Provided information.
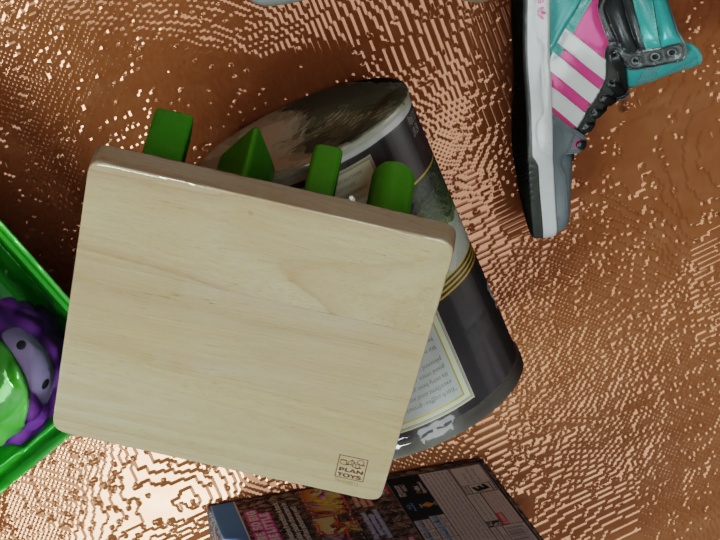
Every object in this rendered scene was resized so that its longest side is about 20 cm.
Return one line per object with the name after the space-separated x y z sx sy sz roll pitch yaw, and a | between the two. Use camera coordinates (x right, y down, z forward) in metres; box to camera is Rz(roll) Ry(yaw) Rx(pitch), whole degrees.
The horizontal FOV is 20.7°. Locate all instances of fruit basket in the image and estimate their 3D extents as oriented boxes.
-0.251 0.046 1.167 0.155 0.216 0.216 -40 111 0 | fruit basket

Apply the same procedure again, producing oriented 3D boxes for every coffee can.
0.000 0.000 1.242 0.146 0.146 0.200 -26 110 -5 | coffee can

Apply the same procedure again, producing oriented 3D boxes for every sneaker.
0.161 -0.121 1.285 0.120 0.084 0.200 -2 105 -3 | sneaker

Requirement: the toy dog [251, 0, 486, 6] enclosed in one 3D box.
0.016 -0.221 1.207 0.200 0.096 0.132 -2 150 -42 | toy dog

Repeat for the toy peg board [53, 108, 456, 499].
-0.060 0.011 1.136 0.200 0.098 0.199 13 128 -2 | toy peg board

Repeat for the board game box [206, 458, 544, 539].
0.012 0.212 1.300 0.200 0.159 0.097 -9 108 -10 | board game box
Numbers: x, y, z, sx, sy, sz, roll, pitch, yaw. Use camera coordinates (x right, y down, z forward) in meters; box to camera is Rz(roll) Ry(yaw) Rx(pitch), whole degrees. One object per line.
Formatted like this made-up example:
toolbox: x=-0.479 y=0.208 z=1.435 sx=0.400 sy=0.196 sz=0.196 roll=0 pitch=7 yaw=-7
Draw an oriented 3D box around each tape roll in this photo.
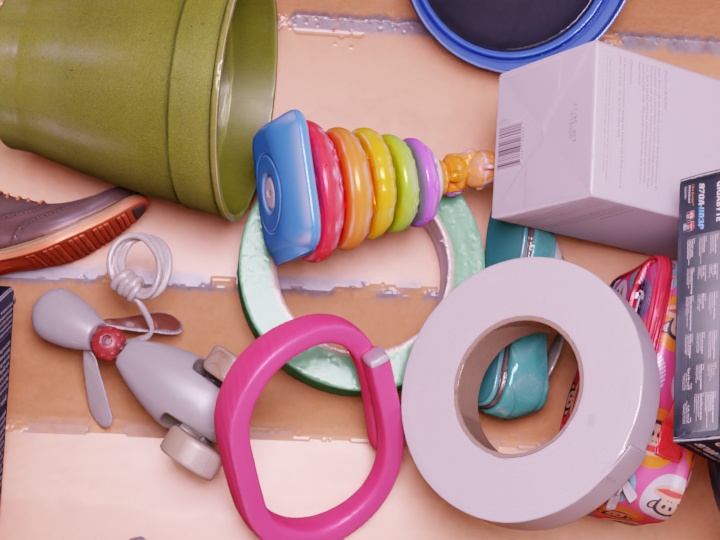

Task brief. Scan the data, and report each line that uses the word "camera".

Written answer.
Return one line per object with the name after the space-separated x y z sx sy sz roll pitch yaw, and a | between the two. Use camera coordinates (x right, y down, z forward) in metres; box to camera is Rz(roll) Ry(yaw) Rx(pitch), whole degrees.
Numbers: x, y, z, sx, sy, sz, roll, pitch, yaw. Use camera coordinates (x right, y down, z forward) in meters; box to camera is Rz(roll) Ry(yaw) Rx(pitch), whole degrees. One object per line.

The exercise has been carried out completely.